WORK ORDER
The answer should consist of every line in the material below that has the word "listed".

BEGIN

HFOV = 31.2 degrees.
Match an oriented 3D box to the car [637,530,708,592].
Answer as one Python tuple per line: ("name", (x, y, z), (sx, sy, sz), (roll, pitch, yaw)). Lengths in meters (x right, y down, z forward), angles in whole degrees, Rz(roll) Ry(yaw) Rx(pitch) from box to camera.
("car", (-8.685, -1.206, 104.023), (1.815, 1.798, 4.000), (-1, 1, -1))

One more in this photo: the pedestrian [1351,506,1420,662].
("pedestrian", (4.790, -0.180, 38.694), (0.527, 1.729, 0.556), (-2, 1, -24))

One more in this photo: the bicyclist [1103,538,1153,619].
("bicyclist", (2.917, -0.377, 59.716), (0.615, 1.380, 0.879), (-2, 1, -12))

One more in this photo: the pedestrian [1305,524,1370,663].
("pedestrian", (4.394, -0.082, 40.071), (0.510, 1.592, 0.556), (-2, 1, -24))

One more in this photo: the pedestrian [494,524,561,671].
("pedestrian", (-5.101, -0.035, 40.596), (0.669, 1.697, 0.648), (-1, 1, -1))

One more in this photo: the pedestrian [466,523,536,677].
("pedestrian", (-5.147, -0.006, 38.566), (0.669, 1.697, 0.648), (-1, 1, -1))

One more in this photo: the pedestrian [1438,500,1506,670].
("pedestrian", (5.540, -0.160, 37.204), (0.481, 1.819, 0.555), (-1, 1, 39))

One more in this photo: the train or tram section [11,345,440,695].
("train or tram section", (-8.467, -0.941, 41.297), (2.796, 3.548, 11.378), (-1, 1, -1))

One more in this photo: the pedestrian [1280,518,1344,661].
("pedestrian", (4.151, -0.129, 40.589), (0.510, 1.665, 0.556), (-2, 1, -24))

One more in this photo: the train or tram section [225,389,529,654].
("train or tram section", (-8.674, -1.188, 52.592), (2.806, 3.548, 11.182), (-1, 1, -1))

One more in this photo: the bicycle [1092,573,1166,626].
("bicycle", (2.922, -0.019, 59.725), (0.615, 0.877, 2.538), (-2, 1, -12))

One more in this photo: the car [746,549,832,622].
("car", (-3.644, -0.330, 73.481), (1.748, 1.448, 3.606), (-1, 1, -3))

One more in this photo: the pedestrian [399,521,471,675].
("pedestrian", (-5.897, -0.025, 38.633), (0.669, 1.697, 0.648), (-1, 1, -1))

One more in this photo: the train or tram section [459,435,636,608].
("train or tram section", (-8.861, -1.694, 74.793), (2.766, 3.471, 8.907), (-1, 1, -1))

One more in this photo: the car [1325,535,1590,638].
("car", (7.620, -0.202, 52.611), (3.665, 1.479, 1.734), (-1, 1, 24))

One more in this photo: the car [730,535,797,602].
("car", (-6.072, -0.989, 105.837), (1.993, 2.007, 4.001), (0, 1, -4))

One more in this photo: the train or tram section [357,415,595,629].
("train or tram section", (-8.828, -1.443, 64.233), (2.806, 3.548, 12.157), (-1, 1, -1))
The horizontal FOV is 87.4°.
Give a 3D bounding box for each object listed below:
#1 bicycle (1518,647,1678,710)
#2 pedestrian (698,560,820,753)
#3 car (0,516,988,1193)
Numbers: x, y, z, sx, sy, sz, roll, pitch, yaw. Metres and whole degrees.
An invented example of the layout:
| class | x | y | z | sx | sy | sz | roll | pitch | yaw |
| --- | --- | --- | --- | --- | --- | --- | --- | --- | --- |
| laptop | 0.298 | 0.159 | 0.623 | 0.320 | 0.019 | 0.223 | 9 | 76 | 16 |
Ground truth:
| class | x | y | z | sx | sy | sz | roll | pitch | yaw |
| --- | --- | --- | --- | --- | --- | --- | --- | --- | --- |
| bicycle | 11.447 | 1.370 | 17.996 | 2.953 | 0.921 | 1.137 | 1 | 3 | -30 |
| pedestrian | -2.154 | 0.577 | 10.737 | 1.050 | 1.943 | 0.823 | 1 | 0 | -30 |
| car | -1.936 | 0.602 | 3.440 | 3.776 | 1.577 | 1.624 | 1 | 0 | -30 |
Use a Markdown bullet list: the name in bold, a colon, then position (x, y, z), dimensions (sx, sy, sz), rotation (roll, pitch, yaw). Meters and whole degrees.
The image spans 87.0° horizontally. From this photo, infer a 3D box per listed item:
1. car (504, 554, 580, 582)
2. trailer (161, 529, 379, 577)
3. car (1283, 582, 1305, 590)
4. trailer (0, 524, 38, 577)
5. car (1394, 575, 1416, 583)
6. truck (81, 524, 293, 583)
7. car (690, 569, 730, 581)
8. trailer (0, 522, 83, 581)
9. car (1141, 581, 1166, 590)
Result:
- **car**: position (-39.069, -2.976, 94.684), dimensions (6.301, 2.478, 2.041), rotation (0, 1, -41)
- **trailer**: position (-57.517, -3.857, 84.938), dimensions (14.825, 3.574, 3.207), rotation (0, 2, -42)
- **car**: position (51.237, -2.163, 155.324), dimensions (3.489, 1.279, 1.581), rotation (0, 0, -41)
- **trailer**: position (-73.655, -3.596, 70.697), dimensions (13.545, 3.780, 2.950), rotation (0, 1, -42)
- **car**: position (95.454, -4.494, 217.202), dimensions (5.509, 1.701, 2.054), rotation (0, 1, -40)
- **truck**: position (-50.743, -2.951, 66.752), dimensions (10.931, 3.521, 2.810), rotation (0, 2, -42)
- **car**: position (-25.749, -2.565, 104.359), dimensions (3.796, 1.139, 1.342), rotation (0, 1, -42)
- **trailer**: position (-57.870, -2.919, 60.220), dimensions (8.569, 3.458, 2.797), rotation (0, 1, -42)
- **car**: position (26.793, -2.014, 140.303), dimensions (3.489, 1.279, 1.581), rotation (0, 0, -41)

END

TASK ANSWER
Give a 3D bounding box for each object listed below:
The image spans 87.0° horizontally. From this photo, infer a 3D box per listed item:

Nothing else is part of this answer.